Friday 28 March 2014

Encounter

"Hello," the man greeted, as I trotted down the corridor. "Is there a big event on this weekend?"

I turned to face him and felt it. "It" was a strange combination of emotion and physical reaction that caught me completely off-guard; the stomach lurch, the sudden urge to vomit as my gag reflex kicked in, dizziness and itchy feet. I don't know if you've ever had real itchy feet (not just the metaphorical "it's time for a holiday" type) - the urge to run for the hills that is so overwhelming that you can't physically stand still...

It wasn't the first time I had seen him over the weekend. When I arrived last Friday night, he was on his way out of the gym. But it had been nice and easy that time - I kept my head down and scurried on by as he left. This was a little different.

Who was he? He was the man who raped me last year. I knew there was a chance that he would be around. Though it was a hotel, he was a gym member and it did make sense that he'd be around at some point. But I had rationalised that the probability of encountering him was low; I would have to be passing that same part of the corridor at the same moment. Unless I decided to chill out in the gym, it was highly unlikely. I didn't think I'd see him multiple times.

Part of me wanted to run as fast as I could.
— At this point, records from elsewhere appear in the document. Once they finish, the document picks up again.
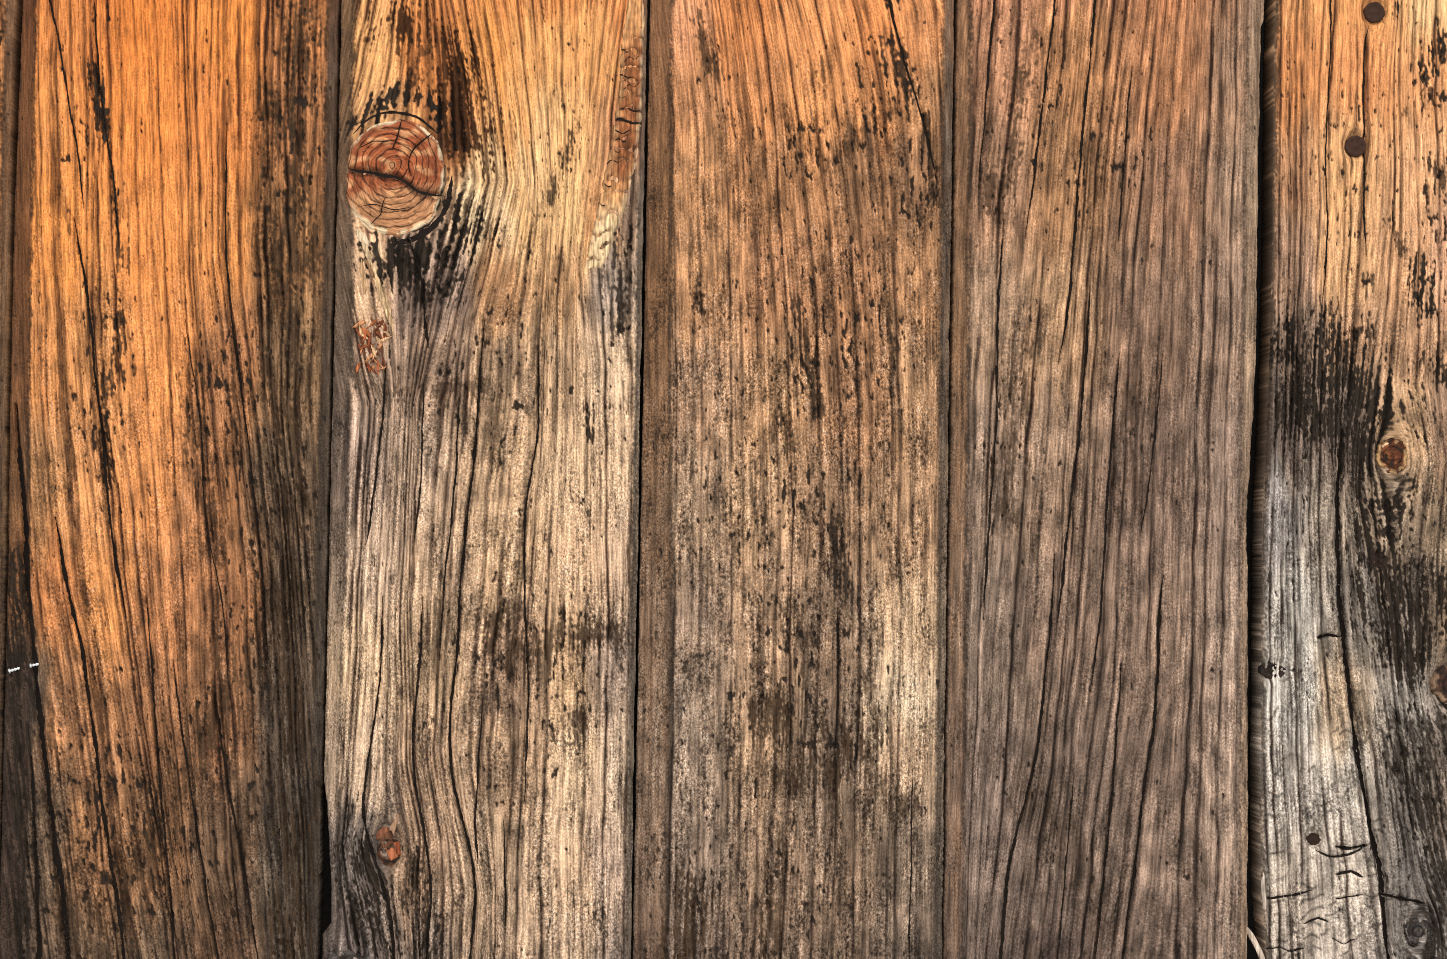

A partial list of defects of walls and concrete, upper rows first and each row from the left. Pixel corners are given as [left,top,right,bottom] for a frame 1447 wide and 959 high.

crack [1266,435,1425,959]
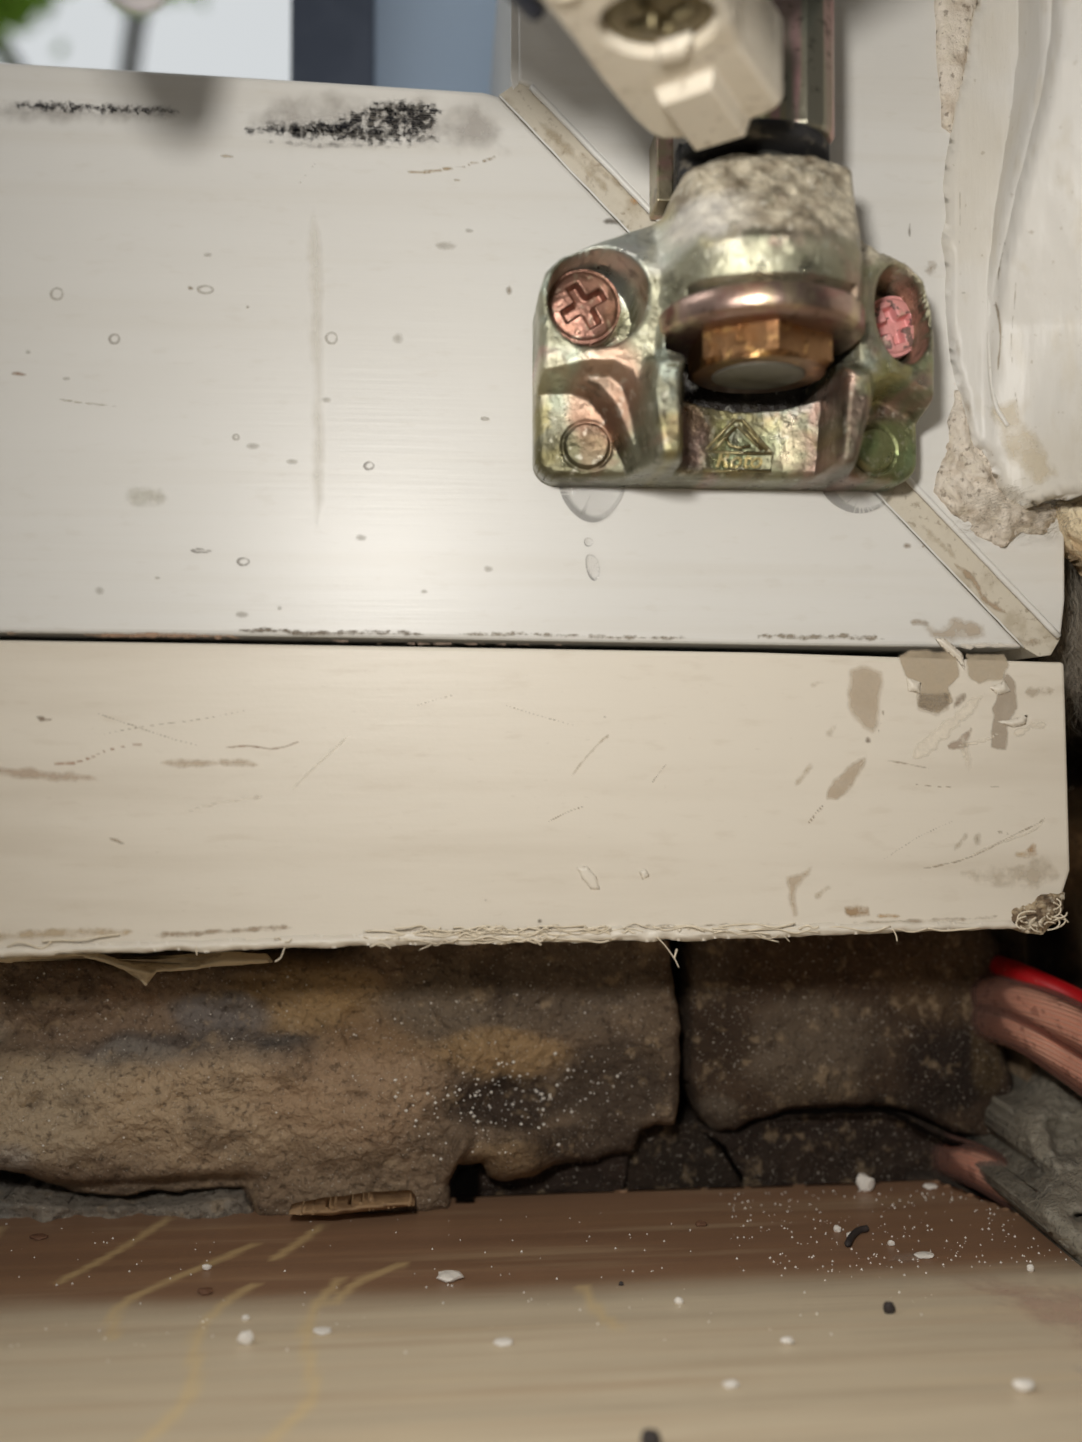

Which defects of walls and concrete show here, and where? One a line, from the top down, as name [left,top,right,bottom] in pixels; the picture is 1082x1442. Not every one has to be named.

leakage [17,103,173,114]
peeling [935,638,965,670]
peeling [948,732,969,749]
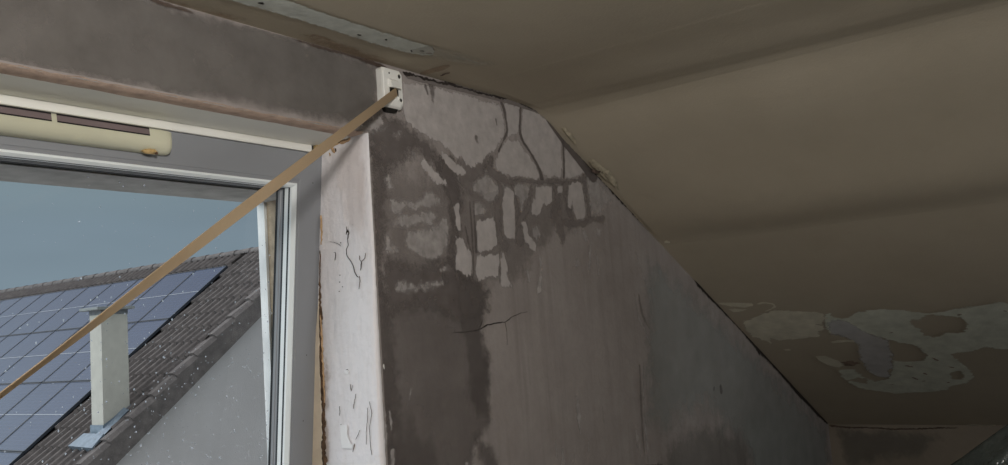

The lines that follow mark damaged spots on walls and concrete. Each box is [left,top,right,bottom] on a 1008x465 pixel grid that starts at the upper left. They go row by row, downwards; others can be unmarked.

crack [403,71,638,220]
water stain [0,0,613,465]
crack [318,215,372,465]
crack [453,312,525,341]
crack [695,281,956,430]
peeling [718,302,1008,394]
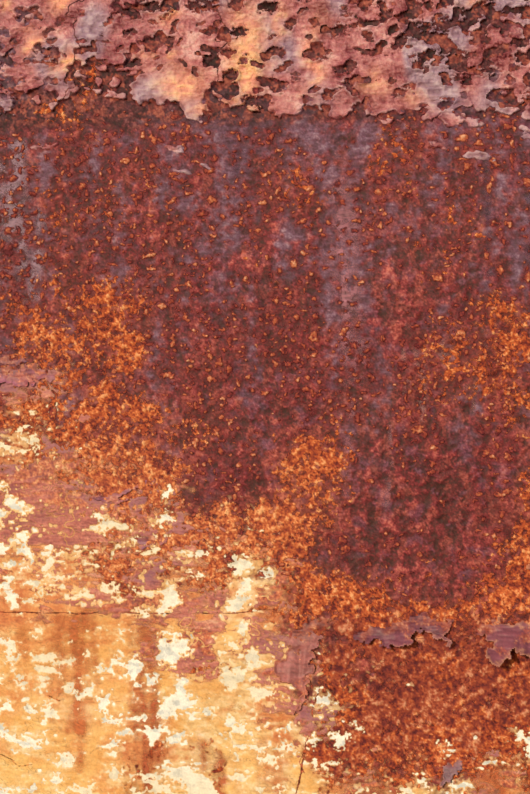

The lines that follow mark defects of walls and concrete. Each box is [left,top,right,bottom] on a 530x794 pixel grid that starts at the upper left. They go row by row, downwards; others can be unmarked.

peeling [0,0,530,139]
corrosion [29,63,194,257]
corrosion [223,115,345,266]
corrosion [318,110,530,238]
corrosion [0,166,530,794]
crack [0,609,99,617]
peeling [0,354,380,794]
crack [197,607,279,615]
peeling [353,612,455,649]
peeling [476,617,530,667]
crack [296,736,309,793]
peeling [413,730,530,794]
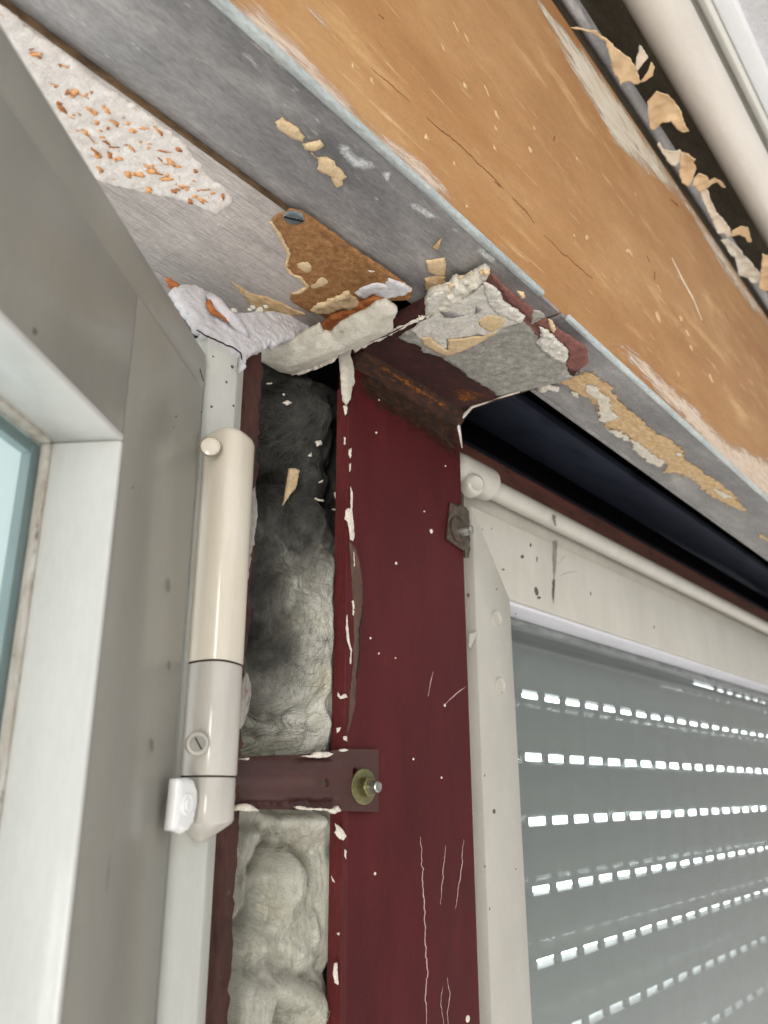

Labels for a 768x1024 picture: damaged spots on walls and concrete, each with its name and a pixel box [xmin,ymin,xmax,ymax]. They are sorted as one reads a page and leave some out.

flaking render [0,5,232,215]
peeling [275,117,347,188]
crack [371,68,593,279]
peeling [570,27,655,85]
peeling [647,91,689,133]
peeling [657,142,768,291]
rust [361,367,459,452]
peeling [165,208,751,515]
peeling [336,486,363,741]
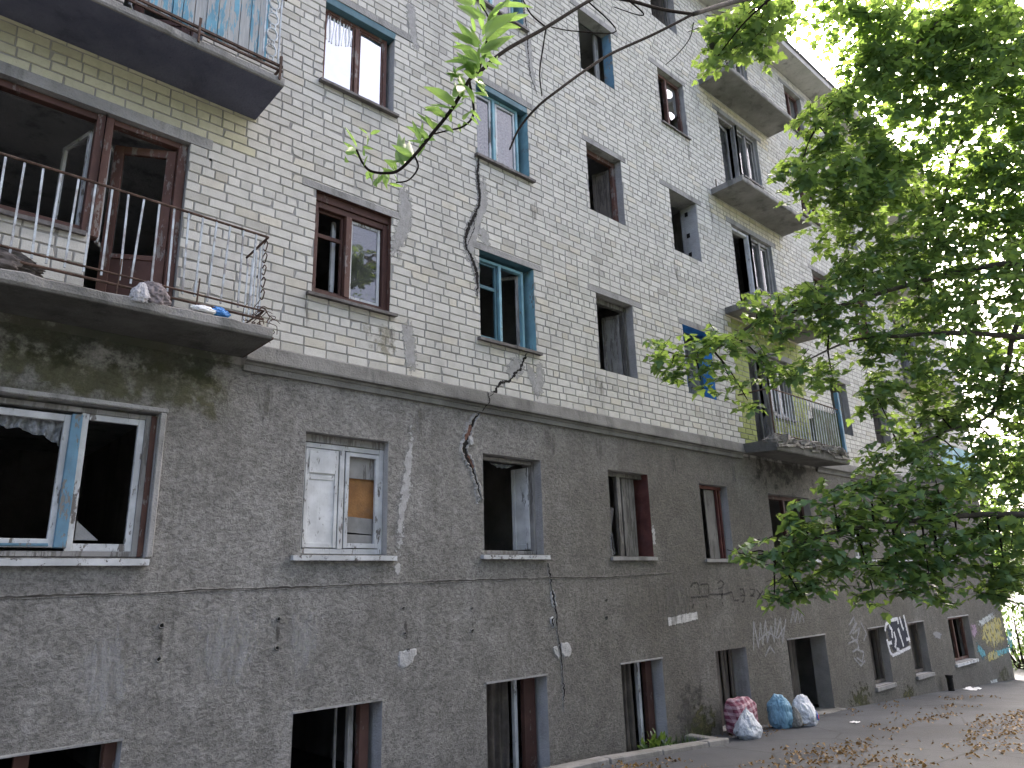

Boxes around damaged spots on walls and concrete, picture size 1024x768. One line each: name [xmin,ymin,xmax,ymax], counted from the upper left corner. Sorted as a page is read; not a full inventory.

crack [463,157,491,296]
water stain [1,348,222,415]
crack [459,353,544,504]
crack [547,563,571,712]
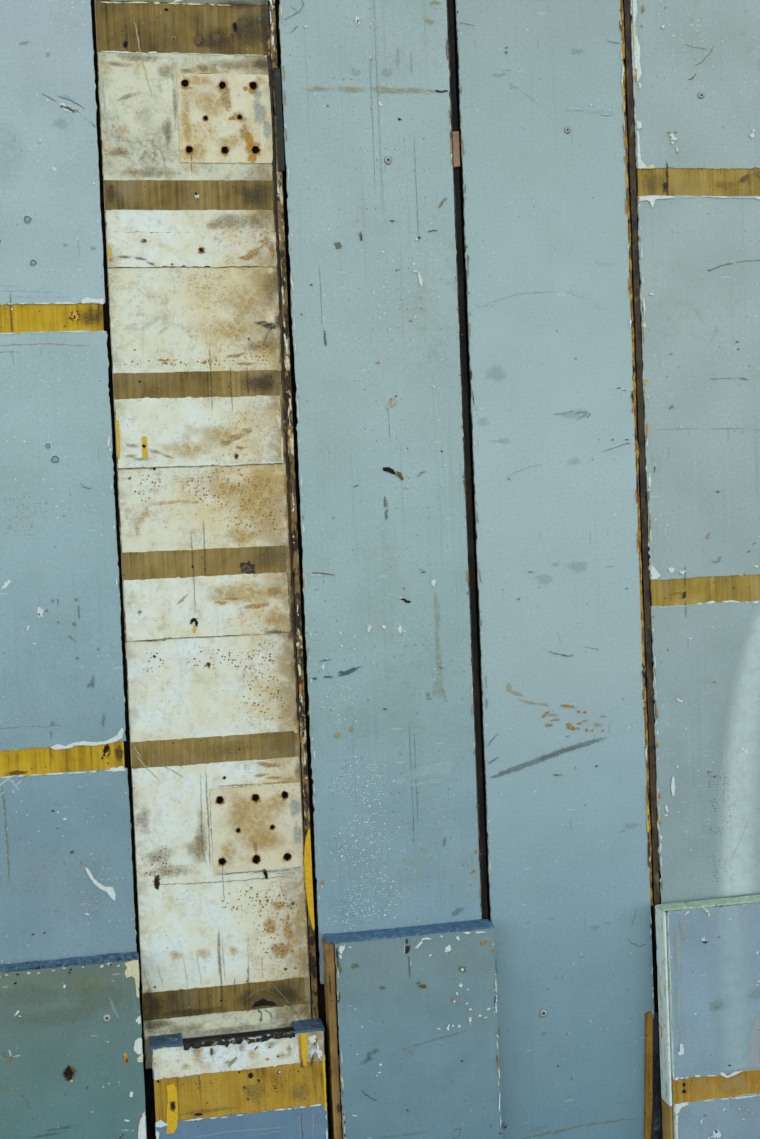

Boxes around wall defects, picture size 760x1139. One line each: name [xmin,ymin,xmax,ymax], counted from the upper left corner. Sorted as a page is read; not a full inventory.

peeling [102,0,231,11]
peeling [269,0,286,105]
rust [203,82,260,163]
peeling [577,0,760,214]
rust [187,472,291,538]
rust [188,644,283,719]
peeling [0,728,126,778]
rust [227,762,288,805]
rust [542,704,604,737]
peeling [646,766,679,889]
rust [222,887,297,970]
peeling [134,1038,143,1062]
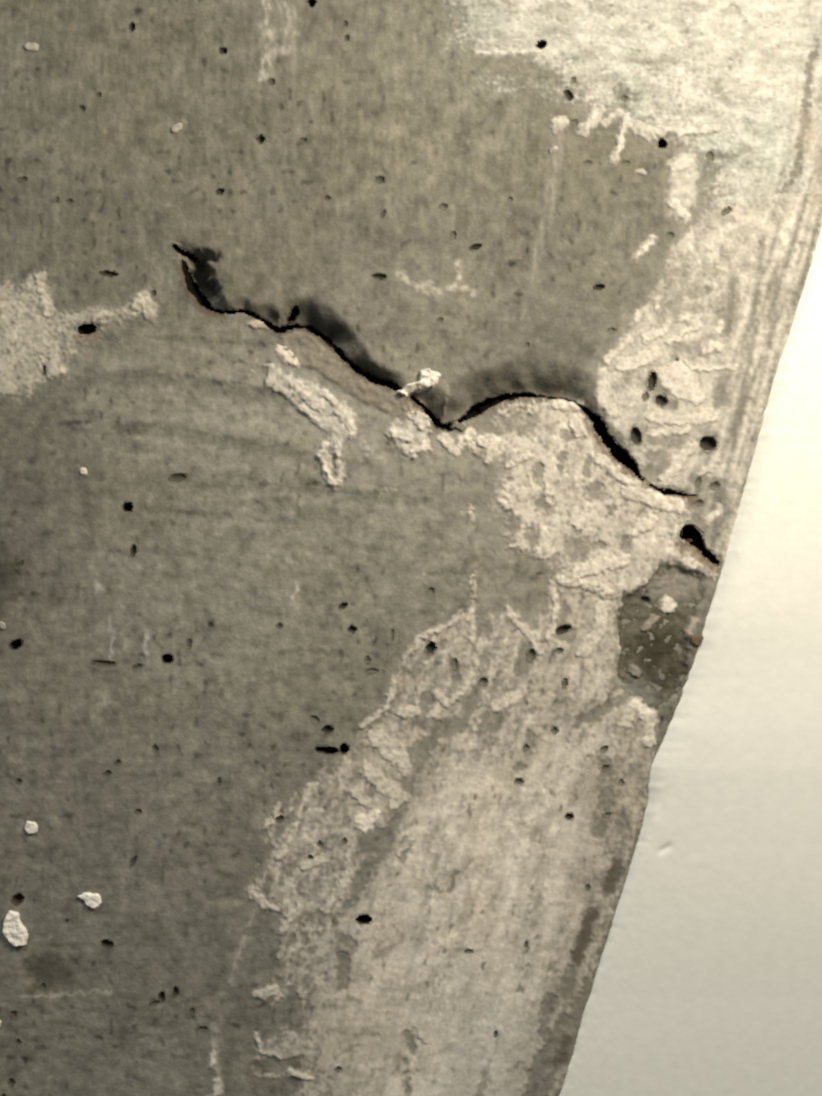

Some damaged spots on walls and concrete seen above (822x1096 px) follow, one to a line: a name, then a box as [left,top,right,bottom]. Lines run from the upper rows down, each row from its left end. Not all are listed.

crack [171,243,721,567]

Perhaps I would have done, but I was wearing my crew badge on my lanyard, and I knew I was representing the company. So I forced myself to stop, take a breath and smiled back at him.

I'm kinda good at that now, the composing myself to look like I'm comfortable. Between meetings with male colleagues, kids' dads and other things, I'm fairly used to being alone with men (though still dislike it), and have developed a series of barriers that allow me to fake it - big smile, straight back, confident, professional attitude and an awareness of my potential escape route. And breathing. Breathing's quite important, as is holding my hands in front of me so no-one can see them shake. It's become so automatic, that I barely have to think about it on a day to day basis.

But I did last Saturday...

"Yes," I told him, my hands gripped tightly together. I told him the name of the company and explained, "It's a signing event."

He nodded. "I've heard of that one before. Are you staff or just here for fun?"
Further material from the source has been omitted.